The flood is the opening move
To understand why the pitch works, start with the size of the hole the climate keeps digging.
The 2022 super-floods were among the worst disasters in Pakistan's history. According to the World Bank's Post-Disaster Needs Assessment, they affected 33 million people, caused more than $14.9 billion in damage and $15.2 billion in economic losses, and destroyed or damaged over two million homes. Nearly eight million people were displaced, and the assessment warned the disaster could push between 8.4 and 9.1 million more Pakistanis below the poverty line. Sindh alone accounted for close to 70 percent of the total damages and losses. Then it happened again: the 2025 monsoon displaced about 3.5 million people, according to UN OCHA, while the UN Development Programme reported more than six million affected and over a thousand dead.
A flood is usually reported as an event, with a beginning and an end. But for the households in its path, each flood empties the same villages and refills the same reservoir of desperation: people with no land to return to, no crop to harvest, and a debt that grows with interest. That reservoir is exactly what the traffickers fish in, and they know precisely when the fishing is best.
The offer, and the machinery behind it
The recruiter is the first link, and he is deliberately familiar. Investigations across South Asia find that these networks usually begin with local recruiters who are friends and neighbours, before widening into organised syndicates that move people with forged documents and the help of complicit officials. The pitch is a job abroad, in Thailand, Malaysia or the Gulf, with travel and accommodation arranged. The reality, the International Centre for Migration Policy Development reports, is that agents collect fees and passports and then supply only a tourist or visit visa, quietly turning a legal traveller into an undocumented one the moment he lands.
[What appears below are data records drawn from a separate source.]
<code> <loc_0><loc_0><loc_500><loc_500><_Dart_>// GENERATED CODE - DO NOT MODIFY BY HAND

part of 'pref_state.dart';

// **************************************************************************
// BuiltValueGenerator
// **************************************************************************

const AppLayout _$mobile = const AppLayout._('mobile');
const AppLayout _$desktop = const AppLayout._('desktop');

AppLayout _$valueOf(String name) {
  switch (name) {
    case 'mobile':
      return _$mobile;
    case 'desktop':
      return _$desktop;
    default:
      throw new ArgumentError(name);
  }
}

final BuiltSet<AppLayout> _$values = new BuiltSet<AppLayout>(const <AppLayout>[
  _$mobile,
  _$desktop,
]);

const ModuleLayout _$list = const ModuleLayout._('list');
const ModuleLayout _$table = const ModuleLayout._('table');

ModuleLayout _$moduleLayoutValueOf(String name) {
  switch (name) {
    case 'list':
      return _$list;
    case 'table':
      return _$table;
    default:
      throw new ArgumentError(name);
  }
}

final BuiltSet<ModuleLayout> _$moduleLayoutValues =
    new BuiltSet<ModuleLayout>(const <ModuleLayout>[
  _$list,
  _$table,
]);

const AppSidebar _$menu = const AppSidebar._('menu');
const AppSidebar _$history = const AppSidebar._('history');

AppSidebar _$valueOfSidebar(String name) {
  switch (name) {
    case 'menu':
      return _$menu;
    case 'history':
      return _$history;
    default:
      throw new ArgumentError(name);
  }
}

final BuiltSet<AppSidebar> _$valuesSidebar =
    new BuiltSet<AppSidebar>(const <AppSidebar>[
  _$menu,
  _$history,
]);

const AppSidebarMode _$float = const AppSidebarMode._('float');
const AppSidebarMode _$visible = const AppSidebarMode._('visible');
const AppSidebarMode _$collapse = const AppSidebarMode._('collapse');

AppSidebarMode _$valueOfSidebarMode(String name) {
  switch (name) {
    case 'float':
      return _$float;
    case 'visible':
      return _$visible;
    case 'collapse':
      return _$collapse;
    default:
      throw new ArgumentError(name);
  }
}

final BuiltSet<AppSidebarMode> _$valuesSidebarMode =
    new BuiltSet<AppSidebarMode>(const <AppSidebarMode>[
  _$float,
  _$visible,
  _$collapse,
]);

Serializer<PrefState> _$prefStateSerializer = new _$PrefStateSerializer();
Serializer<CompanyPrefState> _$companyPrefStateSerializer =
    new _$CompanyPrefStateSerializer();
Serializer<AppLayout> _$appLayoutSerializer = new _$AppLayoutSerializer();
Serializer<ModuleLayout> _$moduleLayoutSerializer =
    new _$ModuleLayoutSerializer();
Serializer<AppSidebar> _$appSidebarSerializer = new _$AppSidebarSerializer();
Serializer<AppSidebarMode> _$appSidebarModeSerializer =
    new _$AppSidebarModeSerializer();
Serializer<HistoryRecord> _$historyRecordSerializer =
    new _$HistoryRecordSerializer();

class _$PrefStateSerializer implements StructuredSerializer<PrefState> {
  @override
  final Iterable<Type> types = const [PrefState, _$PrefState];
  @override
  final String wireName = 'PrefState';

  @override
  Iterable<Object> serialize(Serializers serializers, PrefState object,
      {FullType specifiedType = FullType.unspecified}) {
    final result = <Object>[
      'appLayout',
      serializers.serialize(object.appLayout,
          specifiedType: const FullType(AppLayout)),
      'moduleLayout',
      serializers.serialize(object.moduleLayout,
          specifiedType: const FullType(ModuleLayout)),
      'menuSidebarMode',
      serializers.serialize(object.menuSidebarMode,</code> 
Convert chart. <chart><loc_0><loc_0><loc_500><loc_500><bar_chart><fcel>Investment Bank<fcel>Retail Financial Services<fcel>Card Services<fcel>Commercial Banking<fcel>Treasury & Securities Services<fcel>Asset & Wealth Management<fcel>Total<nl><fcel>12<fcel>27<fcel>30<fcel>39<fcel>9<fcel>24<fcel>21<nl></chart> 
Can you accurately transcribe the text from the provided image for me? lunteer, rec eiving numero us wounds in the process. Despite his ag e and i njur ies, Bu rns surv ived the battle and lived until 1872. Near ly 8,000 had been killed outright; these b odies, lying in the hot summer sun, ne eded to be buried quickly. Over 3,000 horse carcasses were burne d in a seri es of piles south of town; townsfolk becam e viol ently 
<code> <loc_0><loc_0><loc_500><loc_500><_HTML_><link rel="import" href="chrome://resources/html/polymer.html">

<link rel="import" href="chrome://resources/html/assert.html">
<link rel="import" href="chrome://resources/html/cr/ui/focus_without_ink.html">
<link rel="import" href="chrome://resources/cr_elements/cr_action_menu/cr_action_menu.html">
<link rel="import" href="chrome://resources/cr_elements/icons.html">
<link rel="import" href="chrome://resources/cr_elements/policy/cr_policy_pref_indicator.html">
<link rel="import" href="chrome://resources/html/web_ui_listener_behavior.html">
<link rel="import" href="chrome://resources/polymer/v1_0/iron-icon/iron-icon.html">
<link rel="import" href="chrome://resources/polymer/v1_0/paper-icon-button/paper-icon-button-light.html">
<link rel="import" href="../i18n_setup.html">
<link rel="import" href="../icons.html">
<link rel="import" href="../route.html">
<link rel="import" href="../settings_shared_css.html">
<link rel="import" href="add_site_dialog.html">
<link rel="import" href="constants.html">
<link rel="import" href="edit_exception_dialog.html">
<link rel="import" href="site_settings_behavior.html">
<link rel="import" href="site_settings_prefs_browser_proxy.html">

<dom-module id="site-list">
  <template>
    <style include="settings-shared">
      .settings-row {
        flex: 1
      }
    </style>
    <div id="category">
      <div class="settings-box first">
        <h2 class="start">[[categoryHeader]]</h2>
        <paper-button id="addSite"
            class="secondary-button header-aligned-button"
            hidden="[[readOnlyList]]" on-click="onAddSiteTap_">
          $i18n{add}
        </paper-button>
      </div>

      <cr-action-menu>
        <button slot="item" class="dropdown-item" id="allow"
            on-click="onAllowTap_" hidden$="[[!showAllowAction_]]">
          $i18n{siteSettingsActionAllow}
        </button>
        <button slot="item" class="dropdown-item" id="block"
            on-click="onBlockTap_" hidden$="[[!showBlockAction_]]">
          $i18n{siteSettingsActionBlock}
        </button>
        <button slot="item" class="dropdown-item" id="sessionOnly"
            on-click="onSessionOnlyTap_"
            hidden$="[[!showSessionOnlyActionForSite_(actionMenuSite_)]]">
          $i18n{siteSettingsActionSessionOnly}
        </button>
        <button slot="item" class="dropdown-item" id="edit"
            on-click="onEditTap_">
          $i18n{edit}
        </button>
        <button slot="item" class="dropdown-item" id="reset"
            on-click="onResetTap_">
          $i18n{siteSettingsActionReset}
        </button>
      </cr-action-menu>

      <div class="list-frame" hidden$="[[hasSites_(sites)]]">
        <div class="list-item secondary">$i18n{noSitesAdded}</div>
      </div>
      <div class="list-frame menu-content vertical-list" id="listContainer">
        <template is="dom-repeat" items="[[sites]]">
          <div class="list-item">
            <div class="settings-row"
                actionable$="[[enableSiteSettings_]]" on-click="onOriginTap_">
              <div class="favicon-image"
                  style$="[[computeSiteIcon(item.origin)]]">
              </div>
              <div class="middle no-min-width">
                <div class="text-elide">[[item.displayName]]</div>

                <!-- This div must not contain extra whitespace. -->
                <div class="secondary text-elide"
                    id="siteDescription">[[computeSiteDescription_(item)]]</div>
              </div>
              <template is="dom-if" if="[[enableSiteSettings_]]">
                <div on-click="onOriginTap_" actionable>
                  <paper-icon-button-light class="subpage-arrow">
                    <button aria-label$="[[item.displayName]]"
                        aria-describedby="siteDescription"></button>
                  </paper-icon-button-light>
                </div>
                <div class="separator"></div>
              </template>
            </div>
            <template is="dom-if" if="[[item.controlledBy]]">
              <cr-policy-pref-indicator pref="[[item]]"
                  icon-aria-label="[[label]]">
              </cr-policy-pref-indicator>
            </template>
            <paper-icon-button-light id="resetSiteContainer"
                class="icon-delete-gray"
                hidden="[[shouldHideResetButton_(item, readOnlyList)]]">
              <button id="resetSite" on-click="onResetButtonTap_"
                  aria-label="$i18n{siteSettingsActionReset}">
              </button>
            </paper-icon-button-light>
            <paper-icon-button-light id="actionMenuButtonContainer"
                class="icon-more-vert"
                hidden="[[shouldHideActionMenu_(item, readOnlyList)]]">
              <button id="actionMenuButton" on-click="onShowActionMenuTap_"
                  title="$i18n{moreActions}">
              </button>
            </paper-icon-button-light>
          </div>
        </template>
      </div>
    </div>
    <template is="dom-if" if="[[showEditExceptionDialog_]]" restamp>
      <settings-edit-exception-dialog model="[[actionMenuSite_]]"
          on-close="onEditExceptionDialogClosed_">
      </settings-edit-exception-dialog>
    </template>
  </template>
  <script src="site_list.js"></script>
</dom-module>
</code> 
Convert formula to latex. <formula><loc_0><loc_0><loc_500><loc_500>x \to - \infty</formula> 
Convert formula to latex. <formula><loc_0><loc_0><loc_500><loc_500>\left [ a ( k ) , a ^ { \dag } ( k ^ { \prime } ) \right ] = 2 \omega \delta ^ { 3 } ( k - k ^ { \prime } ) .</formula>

Increasingly, the first contact is a screen. Fraudulent job ads on Facebook, TikTok and WhatsApp have become a primary gateway, and the strain shows in law enforcement's own files: of 187 forensic analysis requests handled by the FIA's Cybercrime Cell in 2022, 115 were tied to migrant smuggling and human trafficking.
The rot reaches inside the state itself. On New Year's Day 2025 the FIA announced it had dismissed 35 of its own officers, and later arrested 13, for complicity in trafficking, after a boat carrying mostly Pakistani migrants from Libya capsized off the Greek island of Gavdos. The officers had worked exit points at airports in Lahore, Islamabad, Faisalabad, Sialkot and Quetta. A safeguard that could catch many frauds already exists and is barely used: the Bureau of Emigration's public register of licensed recruiters, which as of March 2026 listed 5,199 licences, of which only 2,672 were active. A jobseeker who checked the glossy offer against that list would catch a great many of the fakes in seconds. Almost none do.
The route to the wall
The journey follows a consistent path. The recruit flies out on his tourist visa, often to Bangkok, then travels overland toward Mae Sot on Thailand's western edge, a town that has become the main crossing point and, now, the main site of mass repatriations. From there he is taken across the Moei river into Myawaddy in Myanmar's Kayin State, into a landscape of fortified compounds with names that recur in every account: KK Park, Shwe Kokko. The compounds are largely run by Chinese criminal syndicates and physically protected by ethnic militias. The head of one of them, the Karen Border Guard Force commander Saw Chit Thu, has been sanctioned by the European Union and the United Kingdom for profiting from the compounds and from human trafficking.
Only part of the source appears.